First, there is no need to allege that the provisions of § 1201(c) somehow became part of the Policy through operation of law. The Policy already contains express language that directly mirrors § 1201(c)'s requirement that required UMPD coverage, “subject to provisions filed with and approved by the commissioner, [is] applicable to losses in excess of two hundred dollars ($200).” Compare Tenn. Code Ann. § 56-7-1201(c)(1) with (ECF No. 20-2, 16.) If State Farm assessed a deductible in excess of $200, that assessment would violate § 1201(c) and the Policy itself, by its own terms. In other words, there is no point where the Policy and the statute directly conflict; they are in fact in alignment. Second, the Policy's $200 deductible is listed as an “exclusion” under the Uninsured Motorist Vehicle Insurance Section, along with other situations in which State Farm states “THERE IS NO COVERAGE.” (ECF No. 20-2, 16.) Neither party argues a distinction between a deductible and an exclusion in this instance. Third, the Policy clearly states under its Insuring Agreements that “[u]nder Uninsured Motor Vehicle Coverage (Bodily Injury and Property Damage), we will pay compensatory damages for bodily injury and damages for property damage an insured is legally entitled to collect from the owner or driver of an uninsured motor vehicle.” (Id.) The Policy contemplates avoiding litigation if State Farm and the insured agree that “the insured [is] legally entitled to collect compensatory damages[,]” and agree on “the amount of the compensatory damages that the insured is legally entitled to collect.” However, the Policy also states that if State Farm and the insured disagree on either of these questions, then a lawsuit must be filed against State Farm and “the owner and driver of the uninsured motor vehicle unless [State Farm] have consented to a settlement offer proposed by or on behalf of such owner or driver,” and “any other party or parties who may be legally liable for the insured's damages.” (Id.)

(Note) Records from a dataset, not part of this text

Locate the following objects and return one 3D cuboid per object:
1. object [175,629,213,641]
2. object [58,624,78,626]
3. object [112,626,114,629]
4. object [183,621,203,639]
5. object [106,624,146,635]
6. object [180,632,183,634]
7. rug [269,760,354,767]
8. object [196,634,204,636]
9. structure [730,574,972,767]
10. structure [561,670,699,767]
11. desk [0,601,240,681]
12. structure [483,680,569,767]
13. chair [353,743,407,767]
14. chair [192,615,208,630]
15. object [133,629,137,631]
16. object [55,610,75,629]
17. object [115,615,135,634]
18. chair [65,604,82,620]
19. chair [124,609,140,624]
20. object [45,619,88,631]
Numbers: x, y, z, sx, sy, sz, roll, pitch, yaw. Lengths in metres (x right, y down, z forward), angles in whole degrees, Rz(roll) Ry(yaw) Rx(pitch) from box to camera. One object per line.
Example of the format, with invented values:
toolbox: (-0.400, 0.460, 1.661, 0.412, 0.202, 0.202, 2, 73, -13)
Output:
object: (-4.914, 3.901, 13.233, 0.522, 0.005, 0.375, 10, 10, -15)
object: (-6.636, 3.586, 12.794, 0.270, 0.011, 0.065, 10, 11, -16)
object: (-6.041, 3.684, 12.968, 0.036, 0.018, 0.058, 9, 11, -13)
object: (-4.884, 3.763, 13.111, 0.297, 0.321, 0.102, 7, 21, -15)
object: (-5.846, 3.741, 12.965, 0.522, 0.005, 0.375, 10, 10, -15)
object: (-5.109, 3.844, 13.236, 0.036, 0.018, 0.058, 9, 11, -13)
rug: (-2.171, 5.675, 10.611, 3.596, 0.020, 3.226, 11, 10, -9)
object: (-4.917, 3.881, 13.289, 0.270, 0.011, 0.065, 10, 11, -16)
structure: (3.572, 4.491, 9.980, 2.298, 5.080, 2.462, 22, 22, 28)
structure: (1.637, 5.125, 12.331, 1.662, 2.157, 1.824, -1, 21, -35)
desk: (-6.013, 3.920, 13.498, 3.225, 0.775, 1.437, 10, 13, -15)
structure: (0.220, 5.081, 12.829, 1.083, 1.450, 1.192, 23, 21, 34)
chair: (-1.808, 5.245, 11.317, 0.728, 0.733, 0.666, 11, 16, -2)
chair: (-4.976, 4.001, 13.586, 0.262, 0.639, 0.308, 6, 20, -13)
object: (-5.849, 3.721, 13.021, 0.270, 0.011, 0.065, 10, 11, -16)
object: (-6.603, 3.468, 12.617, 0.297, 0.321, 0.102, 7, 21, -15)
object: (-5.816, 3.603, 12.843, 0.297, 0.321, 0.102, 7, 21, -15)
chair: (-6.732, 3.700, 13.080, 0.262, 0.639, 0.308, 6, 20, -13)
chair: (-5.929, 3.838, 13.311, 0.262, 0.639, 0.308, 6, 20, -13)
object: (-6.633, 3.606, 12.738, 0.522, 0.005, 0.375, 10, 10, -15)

Taking all of these facts into consideration, the Court believes that To's claim for an excessive deductible, which is a breach of contract claim, must be pursued according to § 1206, and thus is improperly brought in its current form. For purposes of this motion, the $500 deductible is undisputed. But it is clear this is a coverage issue under the Policy, given its presence as an exclusion. Coverage issues regarding UM insurance “are to be litigated and determined in the original action,” that is, an action brought according to § 1206. Gatlin v. Tennessee Farmers Mut. Ins. Co., 741 S.W.2d 324, 325 (Tenn. 1987). The present case involves multiple coverage issues, since State Farm argues that they owe no payments for damages under the Policy until Tyler's legal liability for those damages is established and cannot have assessed a deductible for benefits they do not owe. This seems clear on the face of the Policy, but nevertheless, there is a disagreement over the Policy's coverage that the statute and Tennessee Supreme Court contemplate being addressed in the original action brought under § 1206. An assessment of a $ deductible may violate § 1201(c) as well as the terms of the policy, but there is no independent cause of action to sue for violations of § 1201(c). If State Farm's assessment of the $500 deductible somehow violated § 1201(c) and not the Policy, the Policy would be in violation of § 1201(c)(1), which would potentially lead to the violative portions of the Policy being superseded by the statute, and the $200 deductible being made part of the Policy through operation of law. Christenberry v. Tipton, 160 S.W.3d 487, 492 (Tenn. 2005). Either way, the result is the same: the deductible would become a coverage issue that would need to be litigated according to § 1206.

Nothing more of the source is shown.